=== INFORMATION SHOWN ===
· · · ·

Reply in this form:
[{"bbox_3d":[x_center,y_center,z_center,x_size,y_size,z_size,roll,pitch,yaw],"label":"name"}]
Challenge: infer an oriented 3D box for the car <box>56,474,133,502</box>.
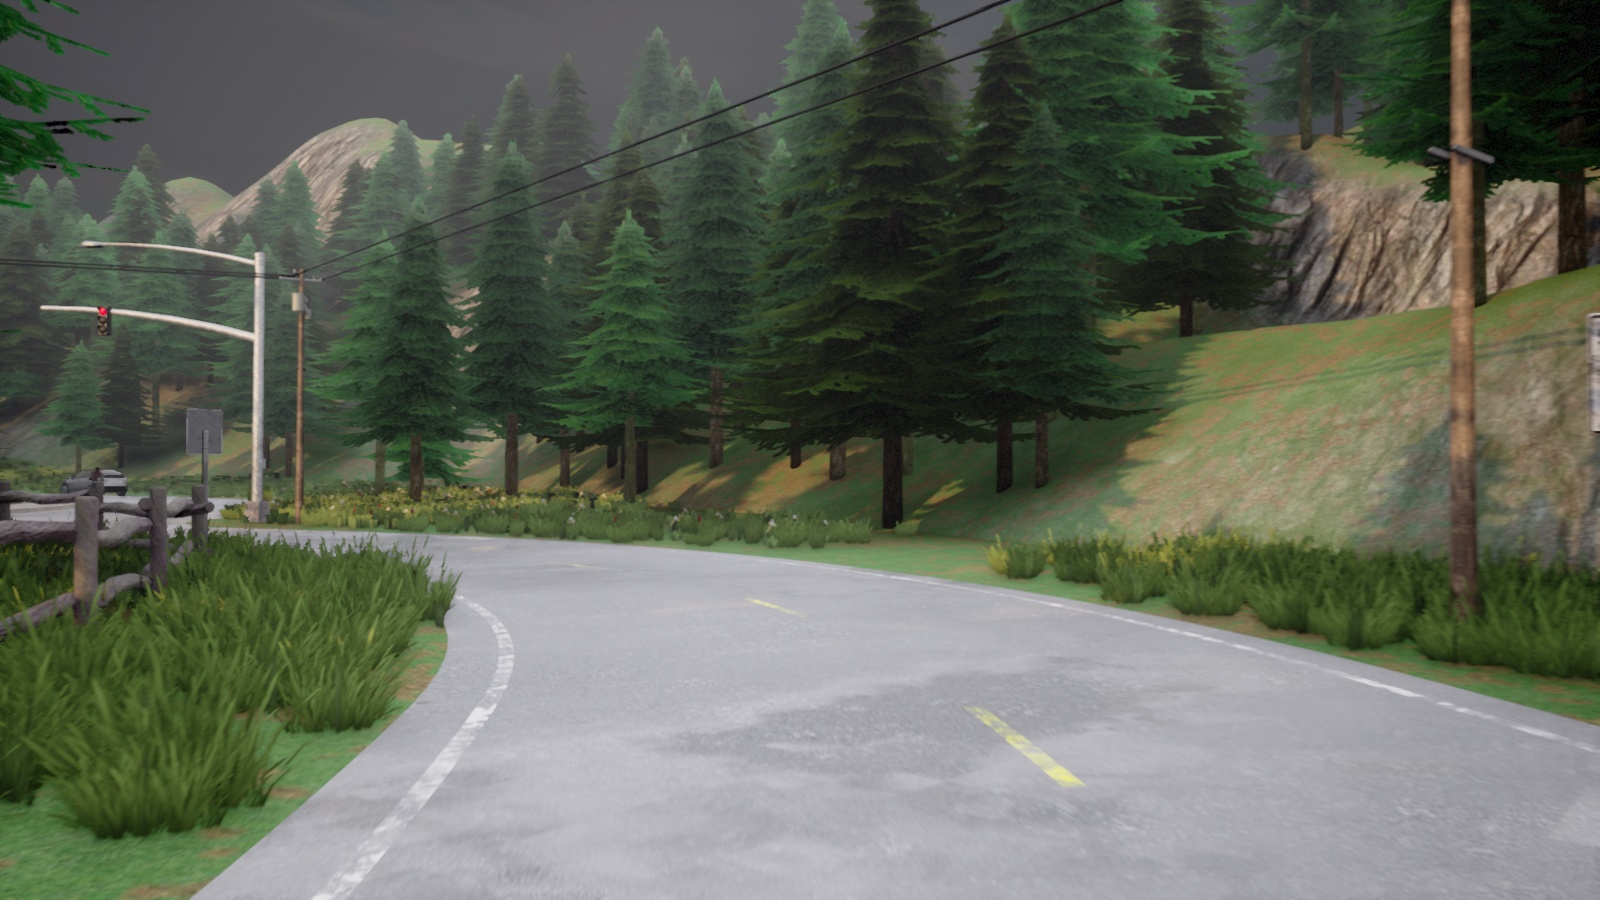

· · · ·

=== ASSIGNMENT ===
Transcribe all the material exactly; skip every image.

=== RESULT BELOW ===
Reply in this form:
[{"bbox_3d":[x_center,y_center,z_center,x_size,y_size,z_size,roll,pitch,yaw],"label":"name"}]
Challenge: infer an oriented 3D box for the car <box>56,474,133,502</box>.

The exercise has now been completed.